New Report Builds the Case for Action to Better Serve LGBT Youth in Louisiana
Louisiana is notorious for housing some of the most brutal youth prisons in the country. In recent years, it's made great strides toward reform, as leaders introduced more therapeutic, rehabilitative models.
Even still, youth who identify as LGBT (lesbian, gay, bisexual, and transgender) experience physical, sexual and psychological abuse, excessive use of lockdown and isolation, confidentiality breaches and privacy violations in Louisiana's juvenile justice system, according to the report “Locked Up & Out.”
The report, released by our member group Juvenile Justice Project of Louisiana (JJPL), focuses on LGBT youth, who make up 15% of youth in detention nationwide. Author and JJPL youth advocate Wes Ware visits facilities regularly to investigate the conditions that youth face, and finds them resources once released.
“The stories I have heard from LGBT youth, both about the extreme challenges they have endured and about their courage and determination, inspired this report,” he said. “Once inside prison, LGBT youth often bear the worst the system has to offer.”
A recent national Bureau of Justice Statistics report showed 12% of youth on average reported they were sexually assaulted while incarcerated. At Tallulah Correctional Center for Youth, the state's largest juvenile justice prison (which was considered by some to be the worst juvenile facility in the country, 16% of youth reported they had been sexually abused.
In 2003, the state Legislature passed sweeping reforms that led in part to the closure of two youth prisons, Tallulah and Jena Correctional Center for Youth, and discontinued the use of privately-run prisons for youth. Conditions in the facilities are significantly improved today, but incarcerated youth continue to report mistreatment and abuse.

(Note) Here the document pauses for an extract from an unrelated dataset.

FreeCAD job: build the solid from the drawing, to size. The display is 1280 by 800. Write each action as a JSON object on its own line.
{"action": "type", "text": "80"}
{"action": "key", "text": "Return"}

“I have been locked up for 3 years. I am gay. I have been my whole life. This is my second time in Jetson. The first time I was here, they sent me to Swanson. I stayed there for about 11 months before I got raped by some of the youths there. I did not report it on time so they did not do anything about it. But they did send me to a group home in Shreveport. There, I tried to kill myself because I could not take the boys hitting on me because I would not do sexual favors for them. After that, they sent me to a crazy home called Brentwood,” wrote one youth in the report.
Even more disturbing is the fact that youths' complaints fall on deaf ears. In the report youth recall painful memories of being raped by staff and other youth, being told to tone down effeminate behavior, how to dress and act “straight,” being outed by staff, having confidential medical information treated as the days gossip, etc. The complaints detailed in the report are just a small sampling of what likely goes on considering the cases that go unreported.

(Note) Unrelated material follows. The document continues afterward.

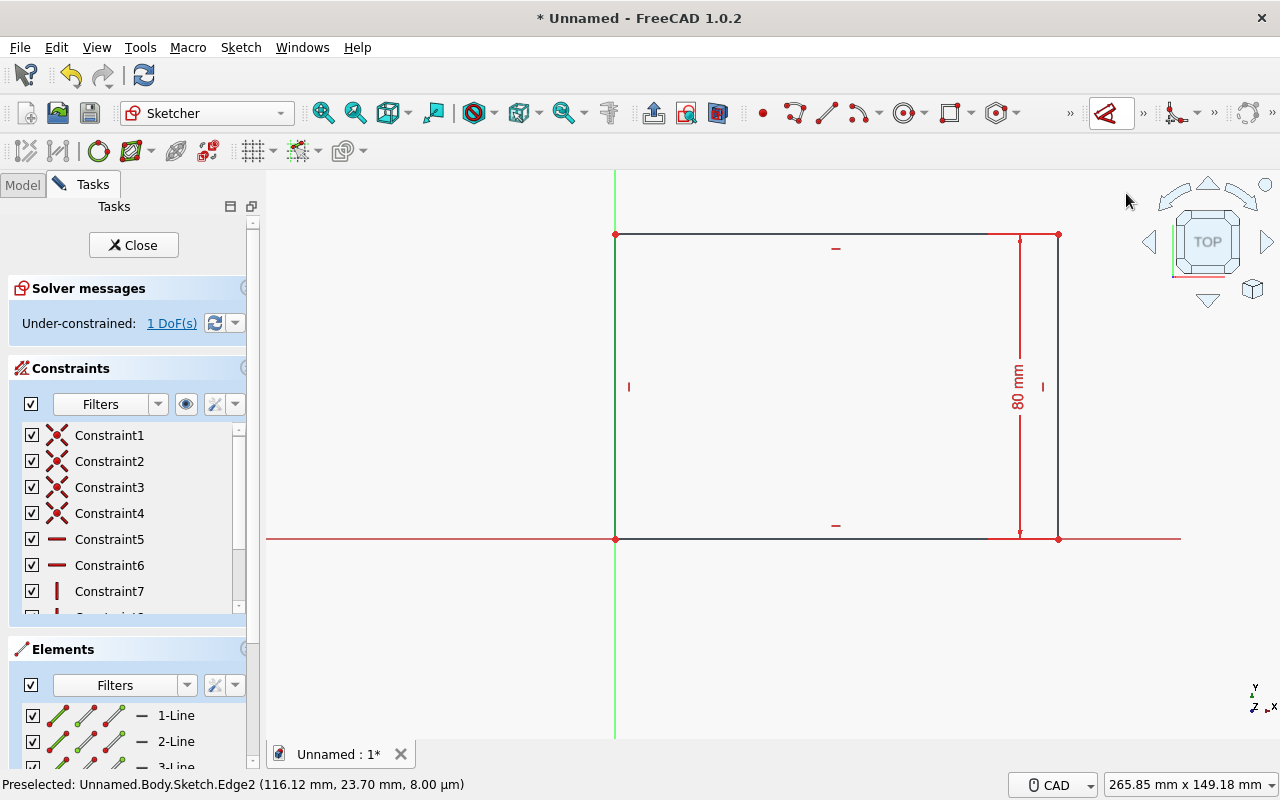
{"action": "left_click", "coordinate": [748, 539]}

Other problems include intrapersonal conflicts due to outside pressures including family rejection, ostracism by peers and the suppression of identity, which may lead to actions and behaviors that may lead youth to end up in a locked down facility. Once inside, they often experience even worse treatment, according to the report.
“Sometimes they would say stuff like 'it doesn't matter what you think because you're about to die anyway,'” recalls an HIV-positive youth whose illness was leaked to other youth by a staff member.
Discrimination is nothing new to the LGBT community. Inside or outside of prison walls, discrimination is morally wrong. When practiced on teens who are just beginning to discover who they are, it's doubly wrong. Just as children of different cultures need culturally appropriate methods of learning, these youth have individualized needs that are not being met. In order to truly call ourselves a country that celebrates diversity we have to give respect to all.
The report “Locked Up & Out” sheds light on a special population of troubled youth that are too often overlooked. No longer should these children be hidden.